A novel pellet-based 3D printing of high stretchable elastomer

Abstract

Elastomers, known for their high stretchability and flexibility, are widely used in high-tech applications. However, traditional manufacturing methods for elastomeric part production have limitations. 3D printing, particularly fused deposition modeling (FDM), offers a promising alternative by allowing the fabrication of customized elastomers with desired shapes and properties. Conventional filament-based FDM techniques struggle to print elastomers. This article presents a novel approach for 3D printing polyolefin elastomer (POE) using a direct pellet printing technique.

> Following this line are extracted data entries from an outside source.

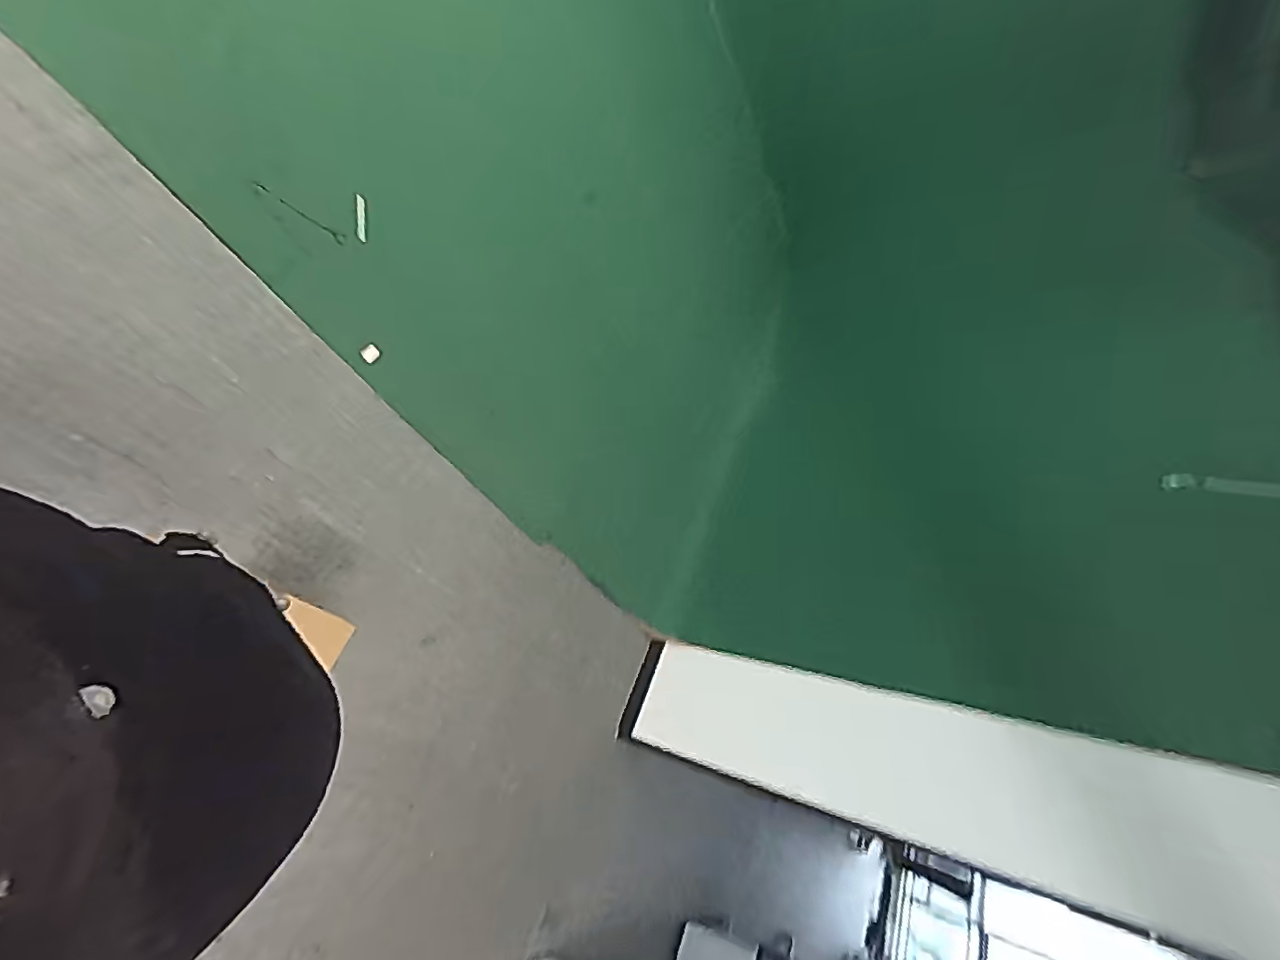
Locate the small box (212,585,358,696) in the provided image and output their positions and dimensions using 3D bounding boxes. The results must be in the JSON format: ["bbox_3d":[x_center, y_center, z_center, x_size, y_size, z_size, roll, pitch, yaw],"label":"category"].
[{"bbox_3d":[-0.764,0.340,1.168,0.179,0.176,0.168,49,54,-41],"label":"small box"}]
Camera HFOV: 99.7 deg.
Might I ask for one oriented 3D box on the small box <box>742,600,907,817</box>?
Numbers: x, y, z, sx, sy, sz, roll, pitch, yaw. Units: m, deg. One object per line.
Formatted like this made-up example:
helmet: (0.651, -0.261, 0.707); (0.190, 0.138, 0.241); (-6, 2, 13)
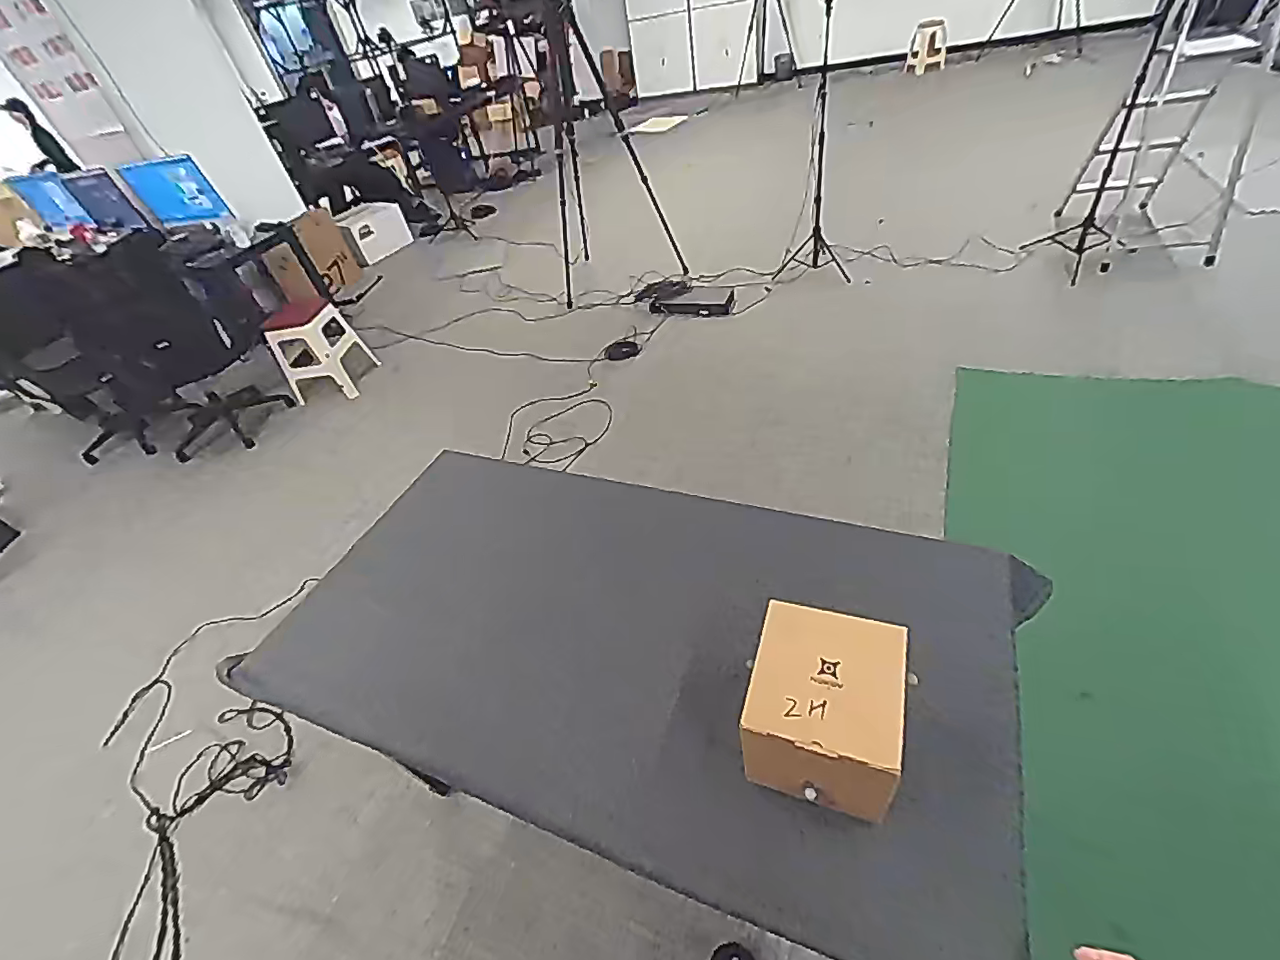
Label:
small box: (0.232, 0.284, 0.682); (0.168, 0.176, 0.179); (7, 46, 23)

A customized pellet printer with a pneumatic pressure feeding system was used that eliminates filament buckling issues commonly associated with conventional filament-based 3D printing methods. The mechanical properties and microstructure of the printed parts were analyzed to evaluate the suitability of the technique for producing high-quality elastomeric components. SEM images indicated a high-quality and accurate printing method; however, there are micro-holes between the raster due to the high shrinkage rate of POE and increasing the nozzle temperature improves the print quality. The mechanical properties of the printed samples exhibited remarkable formability, with elongation reaching up to 1965%. It is also found that as the nozzle temperature increased, the strength, elongation, and bonding between layers improved significantly. This innovative 3D printing technique has the potential for various applications such as soft robotics and wearable electronics.